Summarizing or aggregating data (summarize()
)
In the examples using top_n()
or slice()
we performed a very simple kind of data summary, where we took the single row with the biggest value in a given column. This essentially boiled many rows of a data frame down into a single row. We would like to be able to summarize or aggregate a data frame in other ways as well. For instance, we often want to take the sum or the mean of a given column. We can do this using the summarize()
function in conjunction with the group_by()
function.
In this example, we group by the year the minutes were taken. Then we find the total number of white members for each year.
methodists %>%
filter(minutes_year >= 1786) %>%
group_by(minutes_year) %>%
summarize(total_members_white = sum(members_white, na.rm = TRUE))
## Source: local data frame [45 x 2]
##
## minutes_year total_members_white
## (int) (int)
## 1 1786 18291
## 2 1787 21949
## 3 1788 30557
## 4 1789 34425
## 5 1790 45983
## 6 1791 50580
## 7 1792 52079
## 8 1793 51486
## 9 1794 52794
## 10 1795 48121
## .. ... ...
Notice that we get one row in the recombined data frame for each group in the original data frame. The value in the new column is the result of a function (in this case, sum()
) applied to the columns in each of the split apart data frames.
There is also a special case where we might want to know how many rows were in each of the split apart (or grouped) data frames. We can use the special n()
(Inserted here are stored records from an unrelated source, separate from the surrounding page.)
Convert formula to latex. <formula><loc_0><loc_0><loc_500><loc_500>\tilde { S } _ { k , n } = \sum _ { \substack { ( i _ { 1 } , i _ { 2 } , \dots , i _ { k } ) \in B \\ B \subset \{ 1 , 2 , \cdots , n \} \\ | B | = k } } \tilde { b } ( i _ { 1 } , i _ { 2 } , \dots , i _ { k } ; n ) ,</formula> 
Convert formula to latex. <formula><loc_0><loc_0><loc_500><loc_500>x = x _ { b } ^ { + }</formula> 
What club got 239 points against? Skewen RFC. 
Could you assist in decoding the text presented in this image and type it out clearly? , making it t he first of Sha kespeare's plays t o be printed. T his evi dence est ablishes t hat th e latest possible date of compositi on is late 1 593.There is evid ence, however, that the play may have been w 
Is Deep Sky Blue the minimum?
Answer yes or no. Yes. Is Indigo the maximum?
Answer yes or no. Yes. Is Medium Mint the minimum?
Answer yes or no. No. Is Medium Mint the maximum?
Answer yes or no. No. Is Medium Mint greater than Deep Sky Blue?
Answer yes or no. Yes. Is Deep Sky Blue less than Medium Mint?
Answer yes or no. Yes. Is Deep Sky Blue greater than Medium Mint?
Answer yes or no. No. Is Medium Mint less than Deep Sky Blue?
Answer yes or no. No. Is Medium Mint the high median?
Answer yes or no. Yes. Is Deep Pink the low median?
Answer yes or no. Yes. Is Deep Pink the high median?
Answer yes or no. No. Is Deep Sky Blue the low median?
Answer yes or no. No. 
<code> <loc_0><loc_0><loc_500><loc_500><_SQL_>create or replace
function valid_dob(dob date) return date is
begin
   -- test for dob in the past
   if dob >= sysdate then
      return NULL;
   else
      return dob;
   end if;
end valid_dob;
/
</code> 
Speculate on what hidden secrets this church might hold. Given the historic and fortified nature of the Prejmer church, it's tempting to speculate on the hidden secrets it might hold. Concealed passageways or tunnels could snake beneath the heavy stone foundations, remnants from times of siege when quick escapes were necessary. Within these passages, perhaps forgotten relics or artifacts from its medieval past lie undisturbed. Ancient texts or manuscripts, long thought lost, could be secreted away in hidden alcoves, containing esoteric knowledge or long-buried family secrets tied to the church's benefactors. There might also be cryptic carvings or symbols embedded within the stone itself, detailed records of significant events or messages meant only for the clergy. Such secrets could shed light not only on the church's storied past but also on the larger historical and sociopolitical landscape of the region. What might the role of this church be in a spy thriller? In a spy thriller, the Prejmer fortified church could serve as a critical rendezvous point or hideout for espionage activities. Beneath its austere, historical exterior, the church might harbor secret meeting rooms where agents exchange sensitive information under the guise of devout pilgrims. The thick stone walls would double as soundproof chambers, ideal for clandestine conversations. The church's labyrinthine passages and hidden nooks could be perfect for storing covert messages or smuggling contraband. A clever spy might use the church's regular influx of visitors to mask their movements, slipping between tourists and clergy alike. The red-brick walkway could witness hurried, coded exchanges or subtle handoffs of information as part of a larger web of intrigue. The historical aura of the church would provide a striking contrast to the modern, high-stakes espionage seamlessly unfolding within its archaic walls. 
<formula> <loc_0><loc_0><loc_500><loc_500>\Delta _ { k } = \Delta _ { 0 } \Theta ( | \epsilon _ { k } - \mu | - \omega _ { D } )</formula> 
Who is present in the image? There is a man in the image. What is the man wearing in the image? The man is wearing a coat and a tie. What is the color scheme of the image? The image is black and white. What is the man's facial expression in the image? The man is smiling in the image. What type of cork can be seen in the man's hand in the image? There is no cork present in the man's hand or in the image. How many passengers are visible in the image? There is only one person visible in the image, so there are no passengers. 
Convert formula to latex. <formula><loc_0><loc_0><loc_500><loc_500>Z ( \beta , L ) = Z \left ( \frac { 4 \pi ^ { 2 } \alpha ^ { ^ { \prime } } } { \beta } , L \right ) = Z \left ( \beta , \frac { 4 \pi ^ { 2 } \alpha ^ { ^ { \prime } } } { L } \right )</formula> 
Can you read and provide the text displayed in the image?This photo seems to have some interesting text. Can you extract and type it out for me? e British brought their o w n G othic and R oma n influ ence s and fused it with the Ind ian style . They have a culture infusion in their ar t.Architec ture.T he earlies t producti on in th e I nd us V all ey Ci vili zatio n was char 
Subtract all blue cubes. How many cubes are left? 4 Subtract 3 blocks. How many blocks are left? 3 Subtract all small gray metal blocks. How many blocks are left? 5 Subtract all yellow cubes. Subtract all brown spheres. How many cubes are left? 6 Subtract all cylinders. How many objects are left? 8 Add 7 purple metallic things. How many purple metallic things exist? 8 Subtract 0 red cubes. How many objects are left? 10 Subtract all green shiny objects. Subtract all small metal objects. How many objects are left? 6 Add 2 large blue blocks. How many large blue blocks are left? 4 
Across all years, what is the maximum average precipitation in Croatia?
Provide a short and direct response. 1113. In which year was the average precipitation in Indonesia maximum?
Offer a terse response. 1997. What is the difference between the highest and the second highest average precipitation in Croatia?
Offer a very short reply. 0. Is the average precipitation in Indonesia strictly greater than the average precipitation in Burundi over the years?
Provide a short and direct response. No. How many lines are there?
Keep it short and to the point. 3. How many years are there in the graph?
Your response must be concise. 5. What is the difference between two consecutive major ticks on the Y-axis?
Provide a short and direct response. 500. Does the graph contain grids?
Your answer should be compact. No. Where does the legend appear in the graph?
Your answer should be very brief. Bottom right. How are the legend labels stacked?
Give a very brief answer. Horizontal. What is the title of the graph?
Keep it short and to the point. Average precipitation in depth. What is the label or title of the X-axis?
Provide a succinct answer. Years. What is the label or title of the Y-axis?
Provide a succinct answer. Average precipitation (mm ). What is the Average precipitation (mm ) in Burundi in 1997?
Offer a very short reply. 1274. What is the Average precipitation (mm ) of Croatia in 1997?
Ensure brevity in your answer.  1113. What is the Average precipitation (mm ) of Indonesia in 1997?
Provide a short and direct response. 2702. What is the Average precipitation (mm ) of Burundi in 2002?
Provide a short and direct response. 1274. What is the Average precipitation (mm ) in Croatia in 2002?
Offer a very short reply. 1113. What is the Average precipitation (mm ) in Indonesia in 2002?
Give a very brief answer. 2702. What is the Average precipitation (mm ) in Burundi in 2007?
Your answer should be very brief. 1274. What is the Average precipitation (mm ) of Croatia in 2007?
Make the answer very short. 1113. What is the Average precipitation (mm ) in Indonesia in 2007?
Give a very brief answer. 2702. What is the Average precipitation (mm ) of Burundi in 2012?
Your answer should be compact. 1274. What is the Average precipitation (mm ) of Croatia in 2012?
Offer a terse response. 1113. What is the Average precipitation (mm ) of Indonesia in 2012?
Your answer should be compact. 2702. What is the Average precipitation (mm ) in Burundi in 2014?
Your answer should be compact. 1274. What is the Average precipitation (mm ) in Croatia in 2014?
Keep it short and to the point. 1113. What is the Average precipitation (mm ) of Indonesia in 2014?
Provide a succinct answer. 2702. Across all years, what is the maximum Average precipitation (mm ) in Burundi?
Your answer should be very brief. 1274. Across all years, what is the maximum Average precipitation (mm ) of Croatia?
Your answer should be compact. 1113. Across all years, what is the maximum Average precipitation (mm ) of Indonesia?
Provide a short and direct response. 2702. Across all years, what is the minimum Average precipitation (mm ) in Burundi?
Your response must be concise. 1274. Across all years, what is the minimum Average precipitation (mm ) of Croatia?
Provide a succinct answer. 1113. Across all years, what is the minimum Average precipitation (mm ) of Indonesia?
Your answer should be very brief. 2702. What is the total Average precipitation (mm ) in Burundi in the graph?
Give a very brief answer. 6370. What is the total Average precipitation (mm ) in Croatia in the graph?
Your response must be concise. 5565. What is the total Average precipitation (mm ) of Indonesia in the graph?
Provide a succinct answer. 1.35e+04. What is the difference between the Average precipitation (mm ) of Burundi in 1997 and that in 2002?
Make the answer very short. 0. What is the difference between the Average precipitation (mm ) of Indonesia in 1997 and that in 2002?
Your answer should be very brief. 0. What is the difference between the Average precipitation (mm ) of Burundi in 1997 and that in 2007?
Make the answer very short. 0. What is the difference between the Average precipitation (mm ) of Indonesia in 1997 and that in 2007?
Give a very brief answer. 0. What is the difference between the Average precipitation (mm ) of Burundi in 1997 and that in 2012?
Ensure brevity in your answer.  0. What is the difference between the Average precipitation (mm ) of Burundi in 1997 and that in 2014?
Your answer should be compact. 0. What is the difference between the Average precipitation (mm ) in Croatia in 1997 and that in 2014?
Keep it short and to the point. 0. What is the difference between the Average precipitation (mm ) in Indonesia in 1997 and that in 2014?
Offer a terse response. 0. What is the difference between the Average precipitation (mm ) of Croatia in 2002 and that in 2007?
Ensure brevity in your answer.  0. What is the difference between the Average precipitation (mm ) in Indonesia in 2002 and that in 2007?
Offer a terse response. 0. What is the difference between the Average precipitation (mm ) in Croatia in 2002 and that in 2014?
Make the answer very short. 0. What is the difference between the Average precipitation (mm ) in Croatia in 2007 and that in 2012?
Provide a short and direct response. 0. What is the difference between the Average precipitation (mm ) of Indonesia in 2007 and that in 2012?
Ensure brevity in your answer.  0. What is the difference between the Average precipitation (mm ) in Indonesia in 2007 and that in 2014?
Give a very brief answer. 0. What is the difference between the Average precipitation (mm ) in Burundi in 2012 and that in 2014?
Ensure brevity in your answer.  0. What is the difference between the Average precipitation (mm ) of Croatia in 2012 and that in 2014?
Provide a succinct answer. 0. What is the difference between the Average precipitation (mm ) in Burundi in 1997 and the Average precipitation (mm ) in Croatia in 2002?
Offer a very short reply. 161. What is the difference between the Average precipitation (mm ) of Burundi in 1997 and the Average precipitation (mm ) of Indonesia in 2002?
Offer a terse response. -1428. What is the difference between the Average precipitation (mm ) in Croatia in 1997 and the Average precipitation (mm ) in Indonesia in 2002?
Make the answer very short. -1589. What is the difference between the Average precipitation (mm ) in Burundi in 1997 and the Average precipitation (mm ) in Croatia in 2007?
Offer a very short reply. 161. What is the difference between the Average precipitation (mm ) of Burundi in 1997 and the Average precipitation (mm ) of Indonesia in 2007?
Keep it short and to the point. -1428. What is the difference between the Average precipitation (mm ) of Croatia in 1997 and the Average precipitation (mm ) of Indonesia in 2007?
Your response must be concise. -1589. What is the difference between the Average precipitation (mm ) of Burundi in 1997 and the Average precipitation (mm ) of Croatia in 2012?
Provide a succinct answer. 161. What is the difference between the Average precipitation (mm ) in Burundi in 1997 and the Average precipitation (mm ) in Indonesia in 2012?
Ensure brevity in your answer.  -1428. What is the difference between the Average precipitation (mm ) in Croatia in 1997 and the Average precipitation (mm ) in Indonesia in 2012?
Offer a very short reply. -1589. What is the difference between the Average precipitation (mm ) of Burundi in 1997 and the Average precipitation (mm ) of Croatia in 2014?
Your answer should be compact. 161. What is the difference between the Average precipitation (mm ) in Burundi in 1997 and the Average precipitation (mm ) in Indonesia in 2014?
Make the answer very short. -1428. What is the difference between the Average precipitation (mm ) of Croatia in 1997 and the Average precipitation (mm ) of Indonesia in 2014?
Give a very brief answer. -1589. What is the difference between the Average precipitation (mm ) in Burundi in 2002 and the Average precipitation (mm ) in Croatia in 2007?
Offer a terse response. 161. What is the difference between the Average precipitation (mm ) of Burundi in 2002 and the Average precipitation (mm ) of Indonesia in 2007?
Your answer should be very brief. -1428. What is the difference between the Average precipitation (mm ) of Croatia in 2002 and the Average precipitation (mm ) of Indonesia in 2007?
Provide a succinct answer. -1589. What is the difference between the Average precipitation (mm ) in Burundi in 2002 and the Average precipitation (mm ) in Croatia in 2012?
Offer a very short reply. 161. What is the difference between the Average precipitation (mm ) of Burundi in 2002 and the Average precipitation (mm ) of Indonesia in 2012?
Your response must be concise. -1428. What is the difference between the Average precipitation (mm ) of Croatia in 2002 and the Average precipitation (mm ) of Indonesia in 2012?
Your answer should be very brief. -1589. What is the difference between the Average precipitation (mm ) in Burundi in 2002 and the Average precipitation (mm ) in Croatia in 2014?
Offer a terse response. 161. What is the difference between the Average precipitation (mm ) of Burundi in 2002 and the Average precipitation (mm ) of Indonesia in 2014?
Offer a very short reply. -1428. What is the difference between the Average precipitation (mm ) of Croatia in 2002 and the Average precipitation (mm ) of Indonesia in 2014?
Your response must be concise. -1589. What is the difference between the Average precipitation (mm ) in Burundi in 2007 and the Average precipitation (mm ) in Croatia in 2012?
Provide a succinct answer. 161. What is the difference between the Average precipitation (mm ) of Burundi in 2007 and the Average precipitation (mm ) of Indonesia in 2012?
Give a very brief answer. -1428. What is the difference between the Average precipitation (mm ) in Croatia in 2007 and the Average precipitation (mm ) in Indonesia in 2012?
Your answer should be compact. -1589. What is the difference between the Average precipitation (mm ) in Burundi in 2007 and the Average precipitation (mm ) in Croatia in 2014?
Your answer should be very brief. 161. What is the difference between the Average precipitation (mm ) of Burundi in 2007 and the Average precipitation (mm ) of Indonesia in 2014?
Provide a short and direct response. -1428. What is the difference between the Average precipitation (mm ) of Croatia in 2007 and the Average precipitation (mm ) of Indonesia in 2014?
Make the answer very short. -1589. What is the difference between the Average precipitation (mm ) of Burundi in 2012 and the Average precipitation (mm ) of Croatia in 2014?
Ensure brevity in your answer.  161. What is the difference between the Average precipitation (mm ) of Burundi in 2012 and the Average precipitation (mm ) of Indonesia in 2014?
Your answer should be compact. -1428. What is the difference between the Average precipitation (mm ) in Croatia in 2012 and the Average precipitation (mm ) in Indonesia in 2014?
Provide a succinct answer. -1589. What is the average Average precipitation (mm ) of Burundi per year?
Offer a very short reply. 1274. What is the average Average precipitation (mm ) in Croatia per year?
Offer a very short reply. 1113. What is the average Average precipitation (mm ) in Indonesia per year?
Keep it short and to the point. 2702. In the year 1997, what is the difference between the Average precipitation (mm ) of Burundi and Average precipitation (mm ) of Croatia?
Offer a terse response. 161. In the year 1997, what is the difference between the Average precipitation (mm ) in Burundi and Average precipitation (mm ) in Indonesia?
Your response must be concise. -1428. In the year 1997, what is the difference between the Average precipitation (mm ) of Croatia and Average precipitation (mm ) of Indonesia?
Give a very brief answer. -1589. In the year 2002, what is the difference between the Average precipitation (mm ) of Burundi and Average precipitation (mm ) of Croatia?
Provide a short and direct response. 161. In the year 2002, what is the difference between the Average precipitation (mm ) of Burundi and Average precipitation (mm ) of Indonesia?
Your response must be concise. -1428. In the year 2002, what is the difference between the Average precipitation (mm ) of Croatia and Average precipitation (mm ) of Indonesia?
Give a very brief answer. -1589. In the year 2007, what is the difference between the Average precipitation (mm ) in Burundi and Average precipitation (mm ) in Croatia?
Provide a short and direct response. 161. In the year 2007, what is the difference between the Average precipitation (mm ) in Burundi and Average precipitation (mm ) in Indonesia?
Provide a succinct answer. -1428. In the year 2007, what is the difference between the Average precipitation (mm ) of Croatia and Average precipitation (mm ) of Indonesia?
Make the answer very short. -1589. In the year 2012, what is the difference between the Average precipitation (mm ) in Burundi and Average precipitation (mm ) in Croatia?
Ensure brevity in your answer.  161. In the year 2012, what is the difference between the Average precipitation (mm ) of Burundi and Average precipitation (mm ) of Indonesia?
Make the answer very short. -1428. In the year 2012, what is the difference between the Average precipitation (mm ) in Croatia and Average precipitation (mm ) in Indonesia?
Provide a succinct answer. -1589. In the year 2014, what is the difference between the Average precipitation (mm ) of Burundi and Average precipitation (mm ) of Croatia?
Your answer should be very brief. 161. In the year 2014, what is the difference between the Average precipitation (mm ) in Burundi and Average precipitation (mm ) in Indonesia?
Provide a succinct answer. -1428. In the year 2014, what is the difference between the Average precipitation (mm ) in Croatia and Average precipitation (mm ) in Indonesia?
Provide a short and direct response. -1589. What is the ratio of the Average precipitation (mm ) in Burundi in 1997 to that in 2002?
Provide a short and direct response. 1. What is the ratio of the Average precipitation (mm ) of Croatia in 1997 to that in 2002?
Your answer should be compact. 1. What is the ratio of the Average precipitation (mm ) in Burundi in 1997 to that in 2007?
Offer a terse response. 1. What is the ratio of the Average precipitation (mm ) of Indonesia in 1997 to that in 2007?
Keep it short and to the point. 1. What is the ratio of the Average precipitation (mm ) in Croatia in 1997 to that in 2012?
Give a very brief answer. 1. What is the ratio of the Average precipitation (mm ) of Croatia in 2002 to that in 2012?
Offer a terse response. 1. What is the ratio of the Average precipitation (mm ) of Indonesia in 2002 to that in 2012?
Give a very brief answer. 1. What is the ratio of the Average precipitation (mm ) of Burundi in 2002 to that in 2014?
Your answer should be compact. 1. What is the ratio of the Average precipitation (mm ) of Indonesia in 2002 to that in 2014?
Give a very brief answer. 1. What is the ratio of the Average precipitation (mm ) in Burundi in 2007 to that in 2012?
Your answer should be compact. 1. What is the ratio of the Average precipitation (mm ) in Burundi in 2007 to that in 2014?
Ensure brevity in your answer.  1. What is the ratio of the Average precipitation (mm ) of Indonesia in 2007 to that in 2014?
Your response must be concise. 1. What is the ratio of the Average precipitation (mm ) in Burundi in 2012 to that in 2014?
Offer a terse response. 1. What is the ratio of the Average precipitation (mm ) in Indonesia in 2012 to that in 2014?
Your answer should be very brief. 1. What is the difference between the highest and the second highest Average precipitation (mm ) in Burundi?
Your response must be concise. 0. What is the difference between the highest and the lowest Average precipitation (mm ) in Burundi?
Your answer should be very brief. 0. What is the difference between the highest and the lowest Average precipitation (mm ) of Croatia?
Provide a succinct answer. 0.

function to get that count. (Just like the case of slice()
and top_n()
, this is such a common thing to do that dplyr provides the special functions count()
and tally()
. You can look up their documentation to see how they work.)
methodists %>%
group_by(minutes_year) %>%
summarize(total_meetings = n())
## Source: local data frame [56 x 2]
##
## minutes_year total_meetings
## (int) (int)
## 1 1773 5
## 2 1774 9
## 3 1775 10
## 4 1776 12
## 5 1777 15
## 6 1779 22
## 7 1780 21
## 8 1781 24
## 9 1782 27
## 10 1783 37
## .. ... ...
How many meetings (i.e., churches or circuits) were there in each conference in each year since 1802?
What is the average number of white, black, and average number of total members for each year since 1786?
Make a plot of the average percentage of black members over time.
Make a plot of the average and median number of members over time.
What was the average number of members in each conference for each year? Can you also make a plot of this?
What was the average percentage of black members in each conference for each year? Can you also make a plot of this?